Let’s break it down, a branch (aka a feature branch) is designed to encapsulate a group of changes. These changes might be thrown away, entirely rewritten or in the majority of cases they’ll be promoted into the main history of the codebase - via a merge.
There is value in knowing what changes are contained in each branch and when it was promoted into the codebase. I’ve said before that it is extremely rare for a branch to contain one commit (unless you’re not committing frequently enough). As such a branch will contain many changes. These can be visualised in any source control history tool. They do a pretty good job of depicting when the branch was created and when it was merged, giving you the ability to see the set of commits (changes).
If you don’t branch, you lose all of this capability. Each set of changes appear in the otherwise un-augmented history view. After the event it is nigh-on impossible to detect when a set of changes started or was finished.
As a side note, remember the above points when merging branches. You should - in my opinion - always merge a branch into where you eventually want it, never rebase it. You’ll lose all of the branch information, just as if you committed all the changes directly onto the target branch.
Ok, rant over 🙄
Generally create a branch for every feature you’re working on. Commit all your changes there. Then when you’re done, merge it (pull request or not) to wherever it needs to go.

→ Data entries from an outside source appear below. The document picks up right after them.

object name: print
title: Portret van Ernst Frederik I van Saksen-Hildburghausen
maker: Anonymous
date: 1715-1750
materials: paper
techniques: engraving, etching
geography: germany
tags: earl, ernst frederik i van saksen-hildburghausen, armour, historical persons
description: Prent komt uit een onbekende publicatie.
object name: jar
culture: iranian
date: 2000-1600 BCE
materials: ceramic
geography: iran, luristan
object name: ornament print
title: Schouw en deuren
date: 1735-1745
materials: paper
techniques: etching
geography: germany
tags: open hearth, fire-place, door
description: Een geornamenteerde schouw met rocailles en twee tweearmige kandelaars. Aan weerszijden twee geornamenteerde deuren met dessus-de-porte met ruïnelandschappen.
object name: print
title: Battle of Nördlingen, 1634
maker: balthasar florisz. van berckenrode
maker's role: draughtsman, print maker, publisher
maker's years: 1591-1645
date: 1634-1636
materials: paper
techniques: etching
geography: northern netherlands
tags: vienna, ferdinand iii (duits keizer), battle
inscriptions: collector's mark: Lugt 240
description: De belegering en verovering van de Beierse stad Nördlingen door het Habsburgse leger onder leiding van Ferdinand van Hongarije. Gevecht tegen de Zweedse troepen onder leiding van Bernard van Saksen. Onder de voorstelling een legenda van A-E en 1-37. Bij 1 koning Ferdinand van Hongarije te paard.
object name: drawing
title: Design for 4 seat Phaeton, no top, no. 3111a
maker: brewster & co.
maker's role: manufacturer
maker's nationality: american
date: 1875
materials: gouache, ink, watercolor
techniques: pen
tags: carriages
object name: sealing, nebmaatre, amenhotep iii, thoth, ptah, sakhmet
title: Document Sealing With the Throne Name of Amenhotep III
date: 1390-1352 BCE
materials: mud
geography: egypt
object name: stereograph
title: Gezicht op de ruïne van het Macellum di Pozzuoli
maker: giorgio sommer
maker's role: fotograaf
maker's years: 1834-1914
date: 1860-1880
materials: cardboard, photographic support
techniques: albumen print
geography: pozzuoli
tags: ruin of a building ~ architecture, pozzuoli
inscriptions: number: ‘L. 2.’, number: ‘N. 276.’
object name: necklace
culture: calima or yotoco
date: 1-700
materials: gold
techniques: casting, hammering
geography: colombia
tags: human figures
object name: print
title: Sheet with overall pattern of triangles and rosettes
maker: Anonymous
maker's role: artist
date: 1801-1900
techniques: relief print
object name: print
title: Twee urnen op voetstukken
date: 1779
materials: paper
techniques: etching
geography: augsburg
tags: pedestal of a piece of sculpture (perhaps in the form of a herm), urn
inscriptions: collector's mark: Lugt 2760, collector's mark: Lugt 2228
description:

Now what about that scenario I talked about earlier. Remember, there are a few of you all working on a feature. Each of you need a single change, so how do save having to repeat the work? Simple…
Create a branch, make your shared refactoring changes there. Keep the branch, you don’t need to merge it yet. Don’t forget this is your feature branch.
Now you and the others working on their own discrete features can branch off this branch for their individual tasks. Each branch can have nice small discrete commits pushed to it. Then when the task is complete, merge it back to the shared branch.
If you find more shared changes you all need, commit them to the shared branch. When all of you have finished and merged your changes to the shared branch, merge it wherever it needs to go.
One last thing. There is nothing more time consuming and troublesome than having to maintain a long lived feature branch. Merge the branch as soon as possible, or discard it. Of course if you make small commits some of them could be ‘cherry picked’ across if appropriate. But otherwise merge it or get rid. It takes so long and ultimately introduces risk and delays keeping them up to date.